* PROBLEM TO WORK ON: The lines from the one with "the sign (1067,92,1075,100)?" through the last line below are to be copied exactly; no other lines are to be returned.
╭─ DATA UNDER STUDY
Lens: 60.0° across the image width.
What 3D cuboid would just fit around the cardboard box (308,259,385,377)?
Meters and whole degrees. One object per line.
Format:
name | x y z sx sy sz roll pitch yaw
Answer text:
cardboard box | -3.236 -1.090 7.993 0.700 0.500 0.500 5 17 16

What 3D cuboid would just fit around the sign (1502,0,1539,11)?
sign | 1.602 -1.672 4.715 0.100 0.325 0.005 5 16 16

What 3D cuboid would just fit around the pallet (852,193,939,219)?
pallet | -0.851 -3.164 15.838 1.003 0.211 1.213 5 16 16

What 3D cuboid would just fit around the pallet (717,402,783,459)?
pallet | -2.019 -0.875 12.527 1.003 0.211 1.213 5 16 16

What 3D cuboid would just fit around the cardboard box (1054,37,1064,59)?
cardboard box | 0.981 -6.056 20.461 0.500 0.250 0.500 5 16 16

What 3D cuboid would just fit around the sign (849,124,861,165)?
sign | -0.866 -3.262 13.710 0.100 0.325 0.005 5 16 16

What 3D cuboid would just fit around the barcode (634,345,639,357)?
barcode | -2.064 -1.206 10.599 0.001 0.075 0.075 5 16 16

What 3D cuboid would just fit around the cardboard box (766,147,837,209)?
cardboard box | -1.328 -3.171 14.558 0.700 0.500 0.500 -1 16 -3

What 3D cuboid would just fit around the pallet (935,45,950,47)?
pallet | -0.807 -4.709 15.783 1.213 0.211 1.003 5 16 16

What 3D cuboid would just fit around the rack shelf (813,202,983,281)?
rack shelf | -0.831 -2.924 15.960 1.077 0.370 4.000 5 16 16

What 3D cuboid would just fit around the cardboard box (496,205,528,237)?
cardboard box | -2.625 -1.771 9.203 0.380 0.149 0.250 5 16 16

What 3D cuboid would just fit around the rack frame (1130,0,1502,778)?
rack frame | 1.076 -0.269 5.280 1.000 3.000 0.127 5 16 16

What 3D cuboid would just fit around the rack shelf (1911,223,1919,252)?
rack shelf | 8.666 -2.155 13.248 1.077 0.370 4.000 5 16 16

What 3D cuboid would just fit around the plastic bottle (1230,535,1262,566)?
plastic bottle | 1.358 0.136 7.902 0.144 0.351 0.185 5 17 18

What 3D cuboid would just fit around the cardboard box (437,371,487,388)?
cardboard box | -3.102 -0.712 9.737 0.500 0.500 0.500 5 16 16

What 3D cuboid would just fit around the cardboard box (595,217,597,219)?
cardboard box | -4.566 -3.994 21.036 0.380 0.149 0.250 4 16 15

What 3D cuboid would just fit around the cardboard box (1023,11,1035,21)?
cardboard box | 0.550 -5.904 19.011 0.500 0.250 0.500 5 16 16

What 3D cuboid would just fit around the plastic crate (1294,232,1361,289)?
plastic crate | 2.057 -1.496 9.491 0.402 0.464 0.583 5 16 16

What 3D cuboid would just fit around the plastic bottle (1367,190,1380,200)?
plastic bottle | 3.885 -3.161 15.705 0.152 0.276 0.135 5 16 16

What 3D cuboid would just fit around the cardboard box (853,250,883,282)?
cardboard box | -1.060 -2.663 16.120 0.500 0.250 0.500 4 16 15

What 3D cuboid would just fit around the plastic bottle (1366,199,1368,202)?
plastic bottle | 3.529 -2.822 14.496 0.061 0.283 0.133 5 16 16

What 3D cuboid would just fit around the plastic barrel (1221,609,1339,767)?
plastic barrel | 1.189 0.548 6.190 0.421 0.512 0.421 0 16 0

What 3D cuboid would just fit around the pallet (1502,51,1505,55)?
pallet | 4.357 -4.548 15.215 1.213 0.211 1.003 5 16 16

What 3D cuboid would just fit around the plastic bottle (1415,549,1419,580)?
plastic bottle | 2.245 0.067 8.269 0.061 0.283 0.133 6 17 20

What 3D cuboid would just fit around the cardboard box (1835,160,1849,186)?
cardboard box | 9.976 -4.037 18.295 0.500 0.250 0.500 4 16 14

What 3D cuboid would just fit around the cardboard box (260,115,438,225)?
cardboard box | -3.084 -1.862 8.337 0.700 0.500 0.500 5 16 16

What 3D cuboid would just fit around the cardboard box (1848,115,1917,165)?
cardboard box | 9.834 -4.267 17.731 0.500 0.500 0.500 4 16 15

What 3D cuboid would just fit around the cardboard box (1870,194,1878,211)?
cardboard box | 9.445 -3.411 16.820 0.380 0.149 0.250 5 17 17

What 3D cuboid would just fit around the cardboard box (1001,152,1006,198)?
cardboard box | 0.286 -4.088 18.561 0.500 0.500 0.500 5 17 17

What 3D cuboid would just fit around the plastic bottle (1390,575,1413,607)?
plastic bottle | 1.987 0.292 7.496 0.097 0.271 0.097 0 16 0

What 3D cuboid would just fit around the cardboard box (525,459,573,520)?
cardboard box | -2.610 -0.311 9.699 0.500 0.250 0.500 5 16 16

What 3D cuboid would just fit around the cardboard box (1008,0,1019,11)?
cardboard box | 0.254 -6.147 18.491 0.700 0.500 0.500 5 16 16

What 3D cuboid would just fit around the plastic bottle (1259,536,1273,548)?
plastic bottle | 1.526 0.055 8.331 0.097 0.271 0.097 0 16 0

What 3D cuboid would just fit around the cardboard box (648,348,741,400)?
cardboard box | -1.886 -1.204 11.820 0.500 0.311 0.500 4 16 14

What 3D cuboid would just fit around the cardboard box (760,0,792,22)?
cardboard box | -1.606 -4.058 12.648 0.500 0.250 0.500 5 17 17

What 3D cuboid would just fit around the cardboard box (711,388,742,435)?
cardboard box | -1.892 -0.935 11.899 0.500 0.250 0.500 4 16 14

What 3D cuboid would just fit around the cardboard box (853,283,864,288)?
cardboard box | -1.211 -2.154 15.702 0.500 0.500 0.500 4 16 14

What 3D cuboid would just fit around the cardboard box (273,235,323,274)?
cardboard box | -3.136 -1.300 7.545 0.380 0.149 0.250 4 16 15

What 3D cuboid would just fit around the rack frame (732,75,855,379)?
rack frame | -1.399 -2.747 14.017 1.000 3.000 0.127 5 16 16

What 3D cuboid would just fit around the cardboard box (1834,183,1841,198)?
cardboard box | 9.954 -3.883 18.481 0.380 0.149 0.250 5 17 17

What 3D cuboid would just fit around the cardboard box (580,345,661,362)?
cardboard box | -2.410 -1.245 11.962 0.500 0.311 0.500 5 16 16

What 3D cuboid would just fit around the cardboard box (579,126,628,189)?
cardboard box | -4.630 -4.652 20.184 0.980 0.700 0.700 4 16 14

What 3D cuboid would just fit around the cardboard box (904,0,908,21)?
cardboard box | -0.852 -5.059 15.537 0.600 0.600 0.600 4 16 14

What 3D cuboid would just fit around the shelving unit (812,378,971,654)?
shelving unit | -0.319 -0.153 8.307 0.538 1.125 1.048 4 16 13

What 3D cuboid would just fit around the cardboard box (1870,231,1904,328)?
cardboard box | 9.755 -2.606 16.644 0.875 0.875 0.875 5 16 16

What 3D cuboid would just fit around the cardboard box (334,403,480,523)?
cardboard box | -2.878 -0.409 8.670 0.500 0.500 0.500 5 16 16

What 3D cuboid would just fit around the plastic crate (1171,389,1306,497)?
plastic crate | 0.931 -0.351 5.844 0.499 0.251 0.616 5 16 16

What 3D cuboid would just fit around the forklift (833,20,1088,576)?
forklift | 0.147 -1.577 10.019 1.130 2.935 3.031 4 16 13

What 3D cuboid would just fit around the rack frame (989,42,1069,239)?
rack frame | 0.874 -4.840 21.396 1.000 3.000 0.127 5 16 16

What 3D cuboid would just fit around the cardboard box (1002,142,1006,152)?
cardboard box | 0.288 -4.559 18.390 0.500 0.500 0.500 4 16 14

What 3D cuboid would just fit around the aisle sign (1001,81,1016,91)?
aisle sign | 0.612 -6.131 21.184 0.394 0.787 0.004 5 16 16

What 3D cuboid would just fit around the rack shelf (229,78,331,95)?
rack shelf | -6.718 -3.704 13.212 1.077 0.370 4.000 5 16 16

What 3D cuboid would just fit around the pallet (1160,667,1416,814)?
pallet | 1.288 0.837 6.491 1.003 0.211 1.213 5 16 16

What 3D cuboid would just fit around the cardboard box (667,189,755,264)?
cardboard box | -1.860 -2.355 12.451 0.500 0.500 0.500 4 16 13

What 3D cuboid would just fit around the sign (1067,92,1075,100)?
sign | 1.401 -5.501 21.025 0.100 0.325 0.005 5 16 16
╰─
* SOLUTION FOR THIS TASK:
What 3D cuboid would just fit around the sign (1067,92,1075,100)?
sign | 1.401 -5.501 21.025 0.100 0.325 0.005 5 16 16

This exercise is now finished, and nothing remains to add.